$10,000,000 February __, 2000
FOR VALUE RECEIVED, the undersigned, THE TITAN CORPORATION, a Delaware corporation (the “Borrower ”), promises to pay to the order of CREDIT SUISSE FIRST BOSTON and its registered assigns (the “Swing Line Lender ”) on the Stated Maturity Date for all Revolving Loans, the principal sum of TEN MILLION DOLLARS ($10,000,000) or, if less, the aggregate unpaid principal amount of all Swing Line Loans made by the Swing Line Lender pursuant to that certain Senior Secured Credit Agreement, dated as of February __, 2000 (as amended, restated, supplemented or otherwise modified from time to time, the “Credit Agreement ”), among the Borrower, the various financial institutions (including the Swing Line Lender) as are or may become parties thereto (collectively, the “Lenders ”), Credit Suisse First Boston, as administrative agent for the Lenders (the “Administrative Agent ”), First Union Securities, Inc. as Syndication Agent, and The Bank of Nova Scotia, as Documentation Agent. Unless otherwise defined, terms used herein have the meanings provided in the Credit Agreement.

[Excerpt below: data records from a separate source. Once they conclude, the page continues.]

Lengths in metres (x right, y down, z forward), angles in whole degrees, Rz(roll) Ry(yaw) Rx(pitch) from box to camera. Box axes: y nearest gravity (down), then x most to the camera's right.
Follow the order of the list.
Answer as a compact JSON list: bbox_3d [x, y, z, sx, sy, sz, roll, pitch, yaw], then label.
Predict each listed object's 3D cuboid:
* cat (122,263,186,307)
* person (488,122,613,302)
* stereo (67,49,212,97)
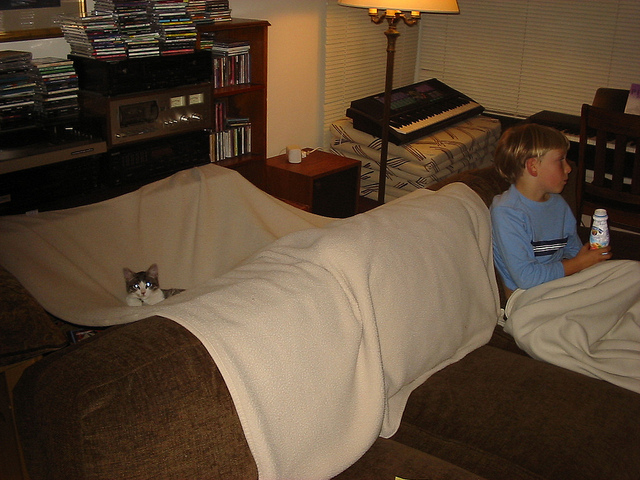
[{"bbox_3d":[-0.686,0.192,2.131,0.191,0.163,0.327,5,6,14],"label":"cat"},{"bbox_3d":[0.952,-0.068,2.108,0.584,0.773,0.504,8,26,29],"label":"person"},{"bbox_3d":[-0.929,-0.927,2.793,0.728,0.220,0.286,-14,29,-32],"label":"stereo"}]

The Borrower also promises to pay interest on the unpaid principal amount hereof from time to time outstanding from the date hereof until maturity (whether by acceleration or otherwise) and, after maturity, until paid, at the rates per annum and on the dates specified in the Credit Agreement. Payments of both principal and interest are to be made in lawful money of the United States of America in same day or immediately available funds to the account designated by the Administrative Agent pursuant to the Credit Agreement.
This Swing Line Note is
the Swing Line Note referred to in, and evidences Obligations incurred under, the Credit Agreement, to which reference is made for a description of the security for this Swing Line Note and for a statement of the terms and conditions on which the Borrower is permitted and required to make prepayments and repayments of principal of the Obligations evidenced by this Swing Line Note and on which such Obligations may be declared to be immediately due and payable.

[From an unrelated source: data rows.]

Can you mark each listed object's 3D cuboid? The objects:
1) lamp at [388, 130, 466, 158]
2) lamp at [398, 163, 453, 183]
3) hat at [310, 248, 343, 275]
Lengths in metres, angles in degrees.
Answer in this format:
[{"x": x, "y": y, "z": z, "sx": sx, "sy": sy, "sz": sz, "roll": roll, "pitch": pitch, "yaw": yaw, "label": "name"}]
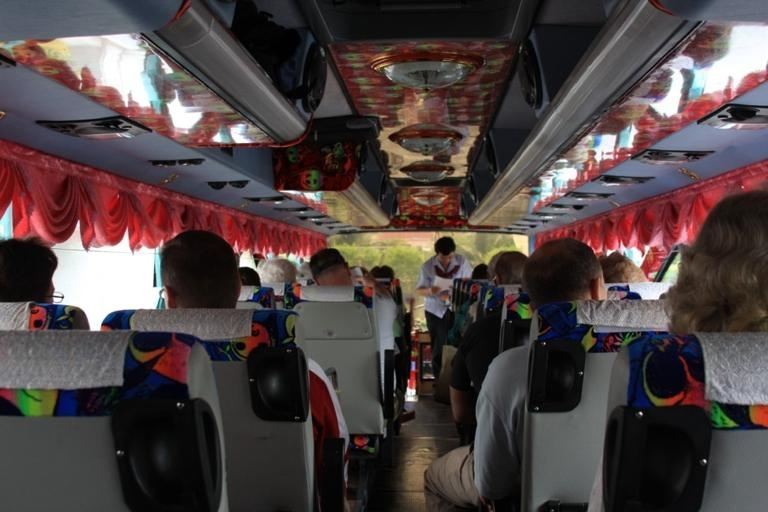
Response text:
[{"x": 0.487, "y": -1.275, "z": 6.125, "sx": 0.805, "sy": 0.194, "sz": 0.622, "roll": 2, "pitch": -6, "yaw": -9, "label": "lamp"}, {"x": 0.650, "y": -1.278, "z": 8.465, "sx": 0.796, "sy": 0.155, "sz": 0.913, "roll": 0, "pitch": -6, "yaw": 12, "label": "lamp"}, {"x": -0.515, "y": 0.047, "z": 4.838, "sx": 0.230, "sy": 0.218, "sz": 0.272, "roll": -6, "pitch": 6, "yaw": -17, "label": "hat"}]

The Borrower hereby irrevocably authorizes the Swing Line Lender to make (or cause to be made) appropriate notations on the grid attached hereto (or on any continuation of such grid), which notations, if made, shall evidence, inter alia. the date of and the outstanding principal of, the Swing Line Loans evidenced hereby. Such notations shall be rebuttable presumptive evidence of the accuracy of the information so set forth; provided. however. that the failure of the Swing Line Lender to make any such notations shall not limit or otherwise affect any Obligations of the Borrower.
Any assignment or transfer of this Swing Line Note shall be effective solely by registration thereof in the Register pursuant to the Credit Agreement.

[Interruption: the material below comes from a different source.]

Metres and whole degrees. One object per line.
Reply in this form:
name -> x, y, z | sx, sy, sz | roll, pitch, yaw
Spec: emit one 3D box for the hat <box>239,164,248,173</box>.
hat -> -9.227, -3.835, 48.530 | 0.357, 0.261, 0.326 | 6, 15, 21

All parties hereto, whether as makers, endorsers, or otherwise, severally waive presentment for payment, demand, protest and notice of dishonor.
THIS SWING LINE NOTE SHALL BE DEEMED TO BE A CONTRACT MADE UNDER AND GOVERNED BY THE INTERNAL LAWS OF THE STATE OF NEW YORK (INCLUDING FOR SUCH PURPOSES SECTIONS 5-1401 AND 5-1402 OF THE GENERAL OBLIGATIONS LAW OF THE STATE OF NEW YORK).